Since there are several concrete "types" and two underlying generic implementions there is a convenience method on the SegmentTree
module to get instances.
require 'data_structures_rmolinari'
SegmentTree = DataStructuresRMolinari::SegmentTree
data = [1, -3, 2, 1, 5, -9]
seg_tree = SegmentTree.construct(data, :max, :ruby)
seg_tree.max_on(0, 2)
seg_tree.max_on(1, 4)
Algorithms
The Algorithms submodule contains some algorithms using the data structures.

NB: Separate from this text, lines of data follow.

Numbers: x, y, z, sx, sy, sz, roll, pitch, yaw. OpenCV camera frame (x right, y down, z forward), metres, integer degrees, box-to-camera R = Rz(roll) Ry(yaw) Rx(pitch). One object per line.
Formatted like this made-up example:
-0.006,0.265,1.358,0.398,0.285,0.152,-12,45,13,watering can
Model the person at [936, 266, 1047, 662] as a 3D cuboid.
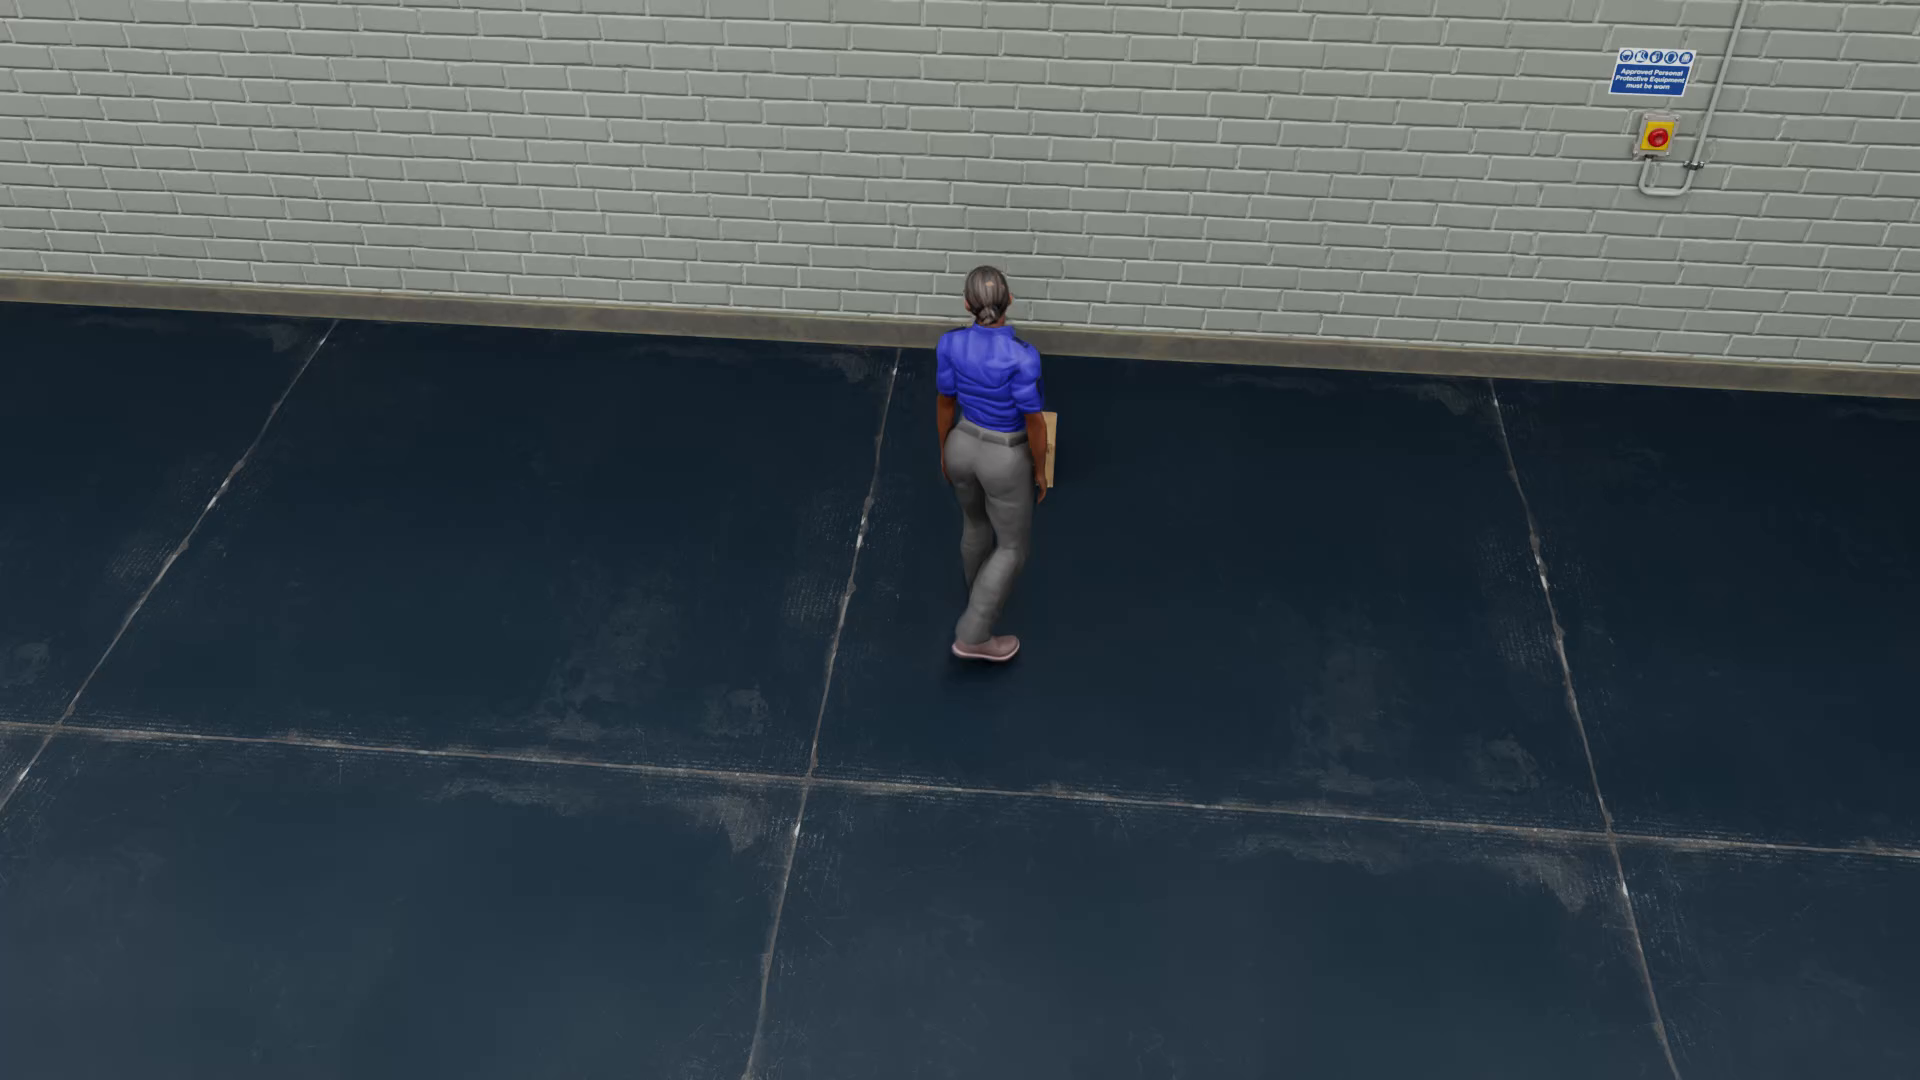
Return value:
0.095,-0.274,6.475,0.479,1.652,0.656,21,45,23,person
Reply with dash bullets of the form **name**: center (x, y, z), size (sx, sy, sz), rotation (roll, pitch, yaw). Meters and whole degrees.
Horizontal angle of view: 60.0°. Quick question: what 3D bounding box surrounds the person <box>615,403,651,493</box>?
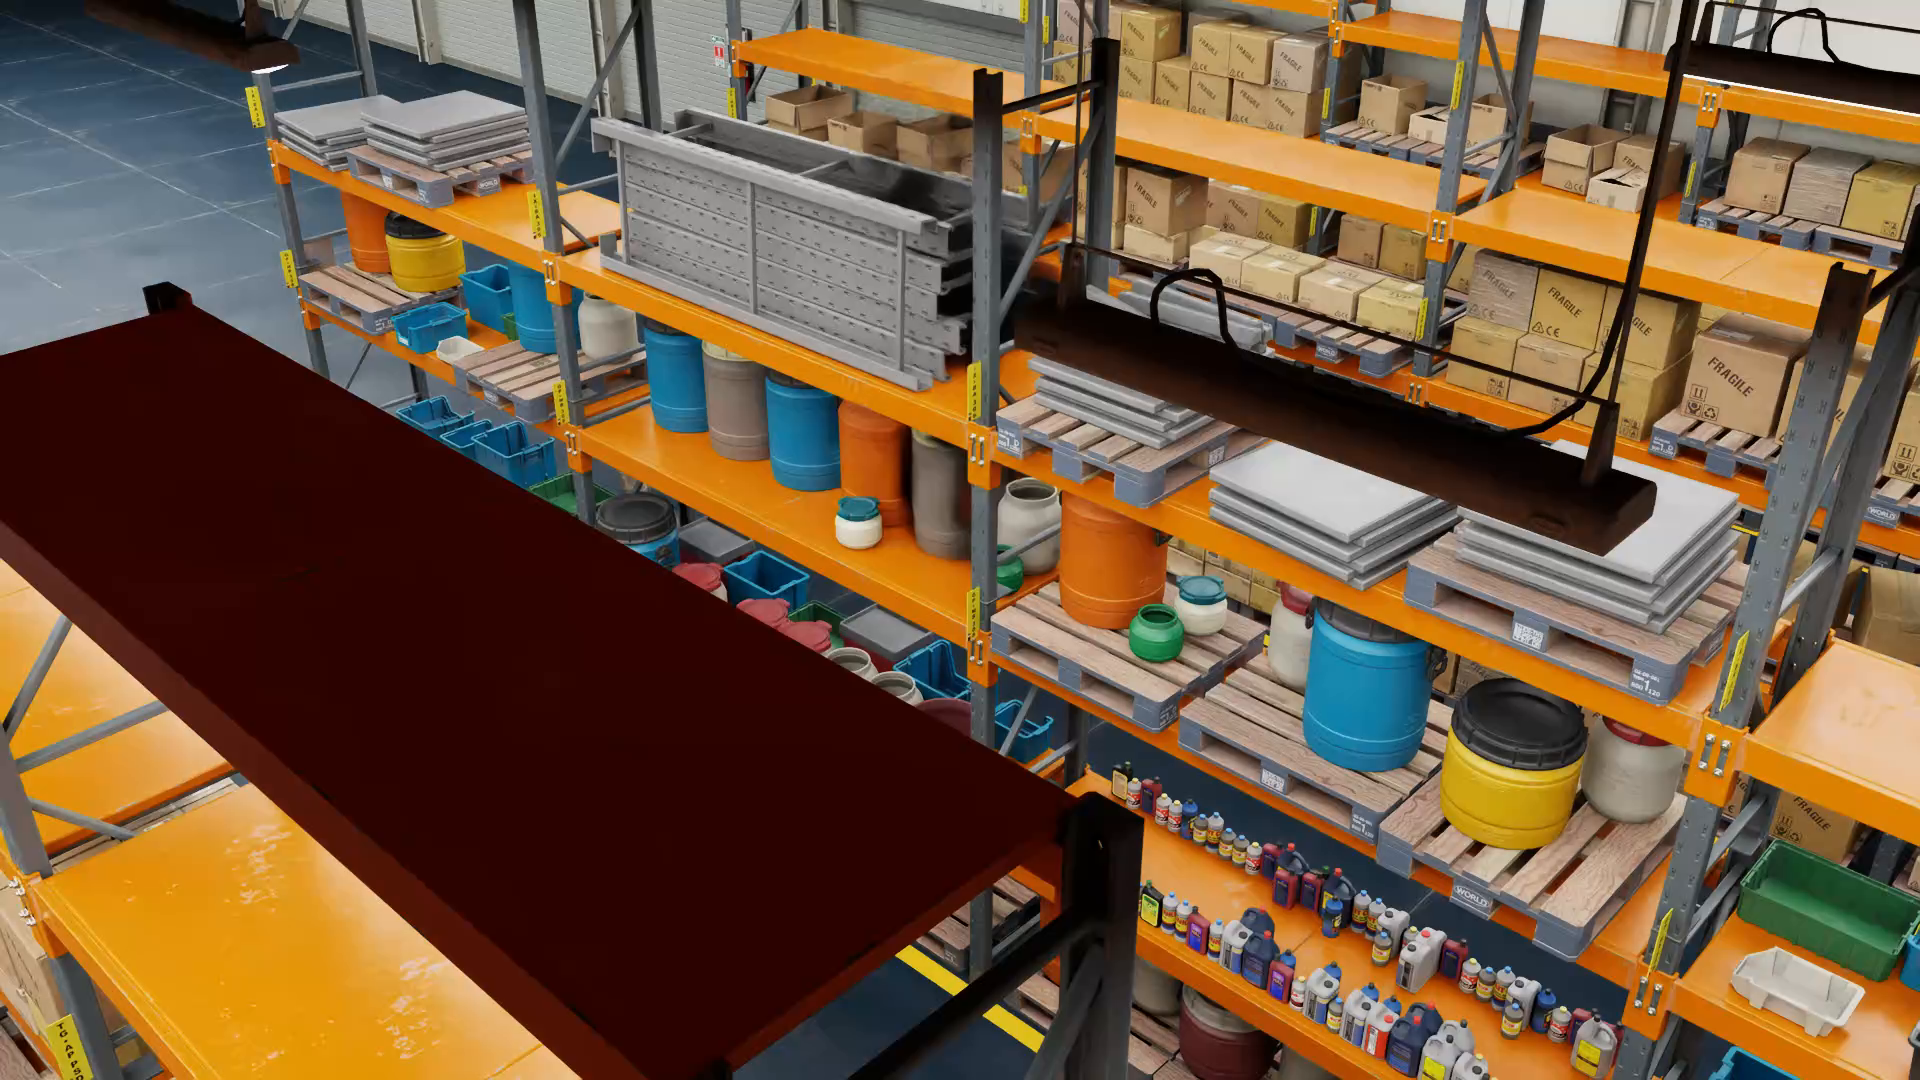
- **person**: center (-3.012, -0.652, 15.541), size (0.897, 1.819, 0.671), rotation (15, 33, 24)
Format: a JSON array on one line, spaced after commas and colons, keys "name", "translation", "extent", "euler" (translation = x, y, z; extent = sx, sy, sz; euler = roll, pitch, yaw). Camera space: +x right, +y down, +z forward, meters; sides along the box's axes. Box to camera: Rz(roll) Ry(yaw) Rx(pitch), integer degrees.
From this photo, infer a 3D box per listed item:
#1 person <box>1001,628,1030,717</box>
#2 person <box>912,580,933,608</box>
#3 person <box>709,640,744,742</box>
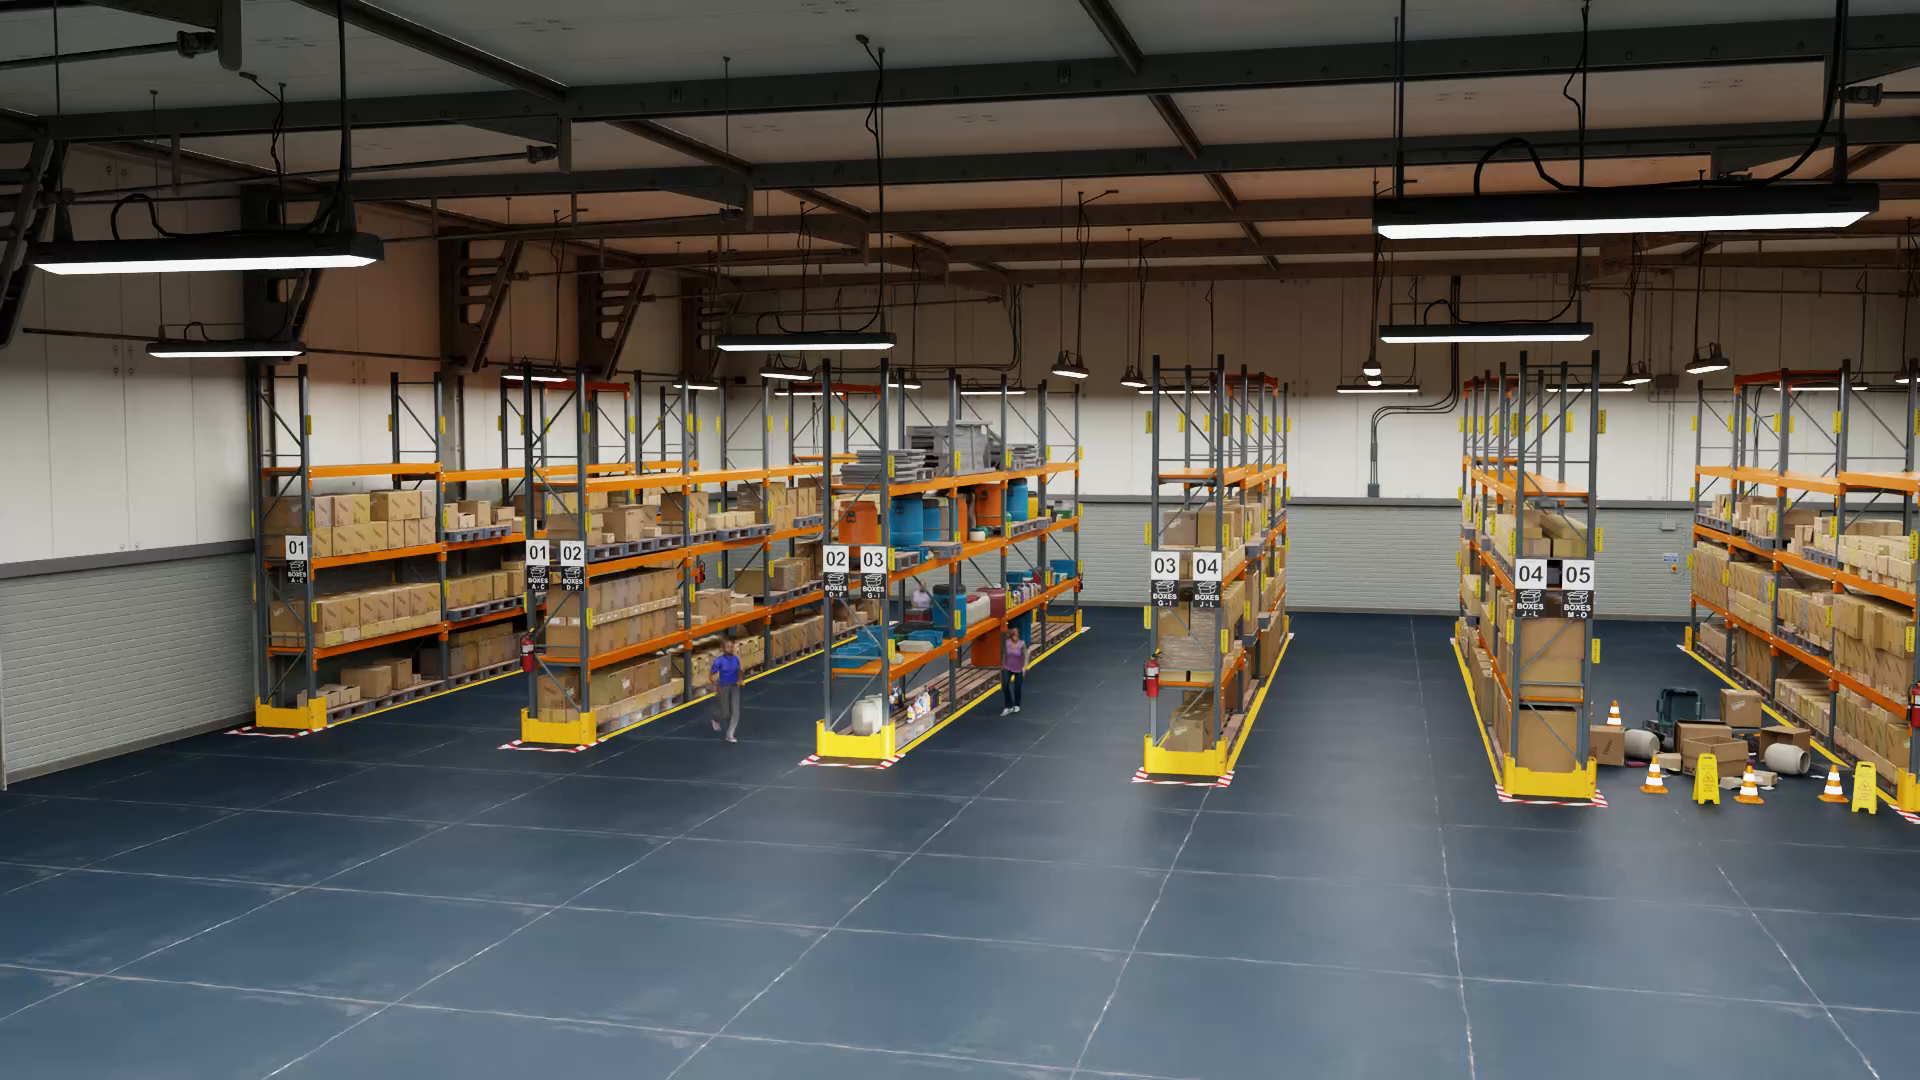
[{"name": "person", "translation": [0.957, 2.258, 28.711], "extent": [0.522, 1.528, 0.736], "euler": [1, 4, 9]}, {"name": "person", "translation": [-0.804, 1.707, 36.089], "extent": [0.598, 1.683, 0.699], "euler": [1, 4, 11]}, {"name": "person", "translation": [-3.714, 2.392, 26.432], "extent": [0.587, 1.596, 0.653], "euler": [-3, 5, -35]}]
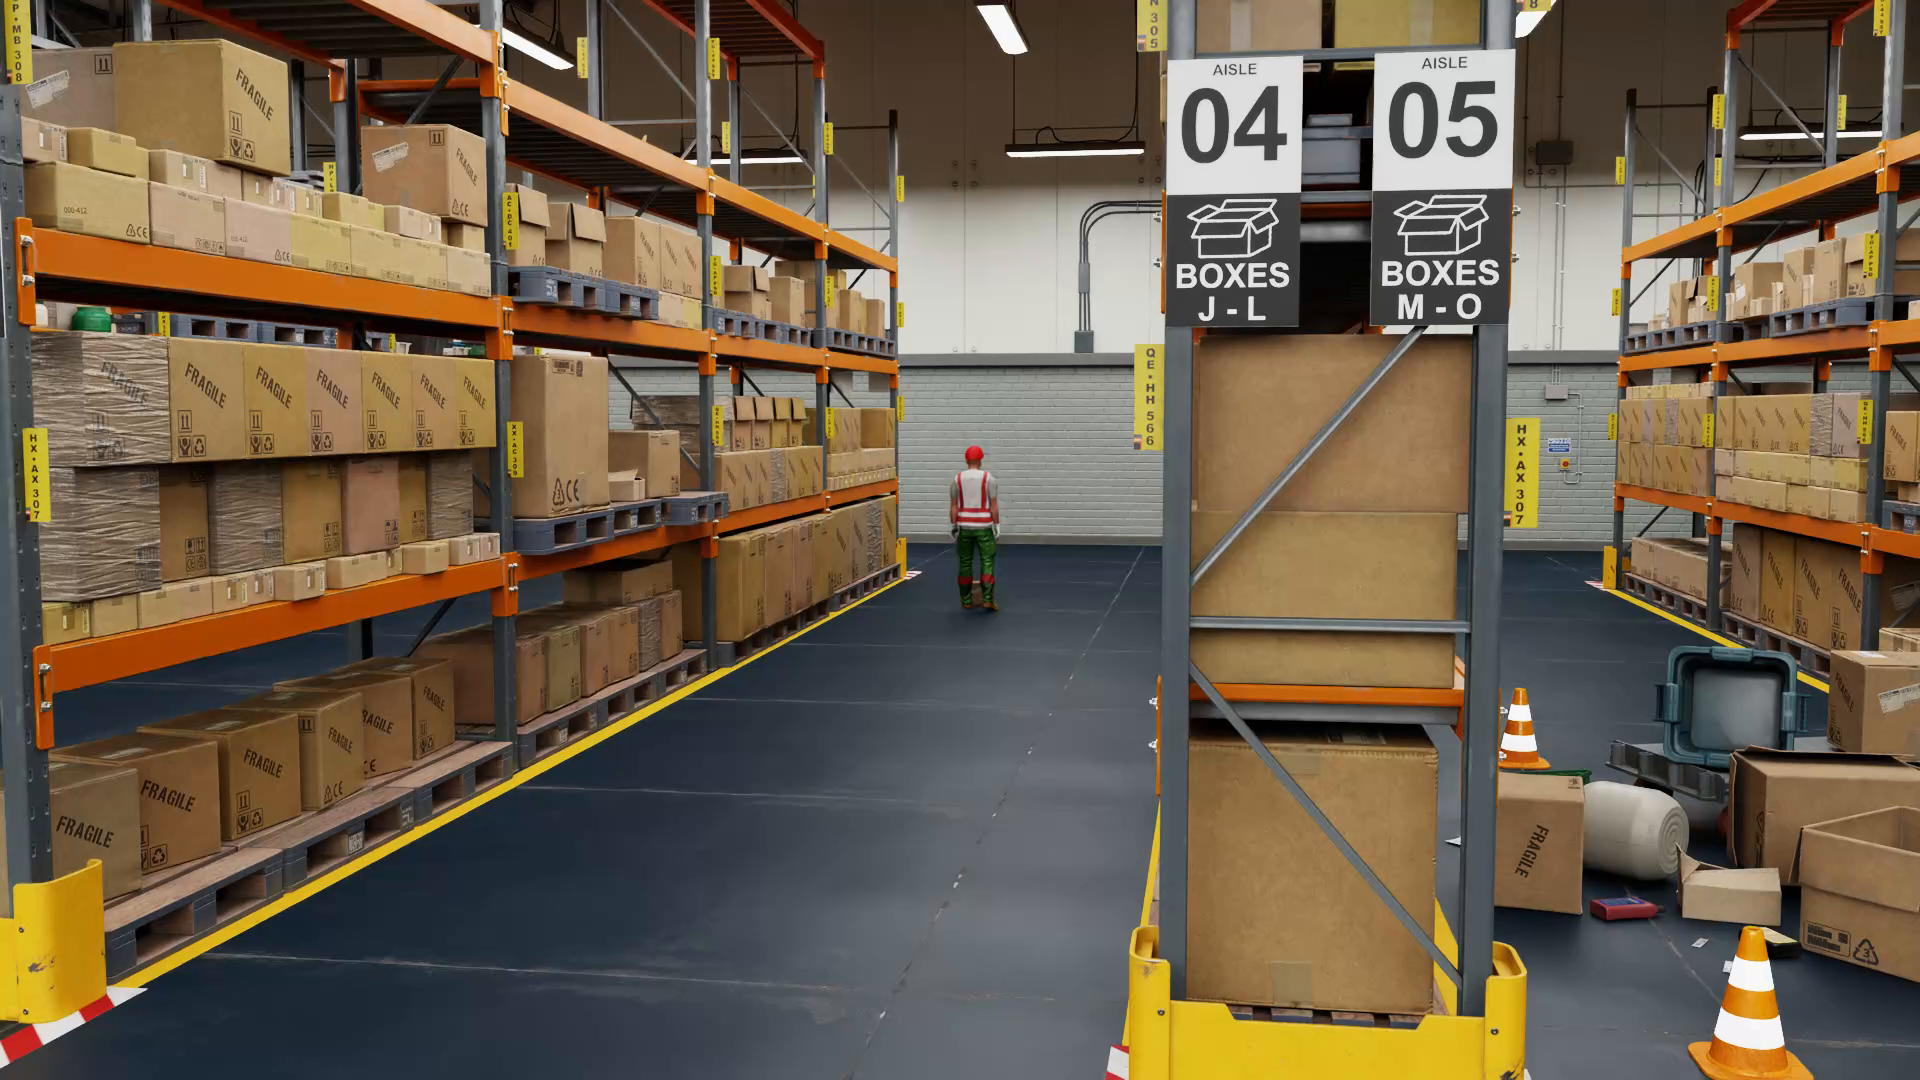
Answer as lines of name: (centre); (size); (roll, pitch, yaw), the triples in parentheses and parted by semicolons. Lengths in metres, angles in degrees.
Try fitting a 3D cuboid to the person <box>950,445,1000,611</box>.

maximal_empty_rectangles(points)
- We are given a set P contained in a minimal box B = [x_min, x_max] x [y_min, y_max]. An empty rectangle is a axis-parallel
rectangle with positive area contained in B containing no element of P in its interior. A maximal empty rectangle is an empty
rectangle not properly contained in any other empty rectangle. This method yields each maximal empty rectangle in the form
[left, right, bottom, top].
- The algorithm is due to [DMNS2013].
C Extensions
As another learning process I have implemented several of these data structures as C extensions. The APIs are the same.
Disjoint Union
The C version is called CDisjointUnion
. A benchmark suggests that a long sequence of unite
operations is about 3 times as fast
with CDisjointUnion
as with DisjointUnion
.
The implementation uses the remarkable Convenient Containers library from Jackson Allan.[Allan].
Segment Tree
CSegmentTreeTemplate
is the C implementation of the generic class. Concrete classes are built on top of this in Ruby, just as with
the pure Ruby SegmentTreeTemplate
class.
A benchmark suggests that a long sequence of max_on
operations against a max-val Segment Tree is about 4 times as fast with C as
with Ruby. The speedup factor is lowered to a little over 2 when the Ruby code is run with YJIT (under Ruby 3.1.3).
I'm a bit suprised the improvement isn't larger, but remember that the C code must still interact with the Ruby objects
in the underlying data array, and must access and combine them via Ruby lambdas.
References
- [Allan] Allan, J., CC: Convenient Containers, https://github.com/JacksonAllan/CC, (retrieved 2023-02-01).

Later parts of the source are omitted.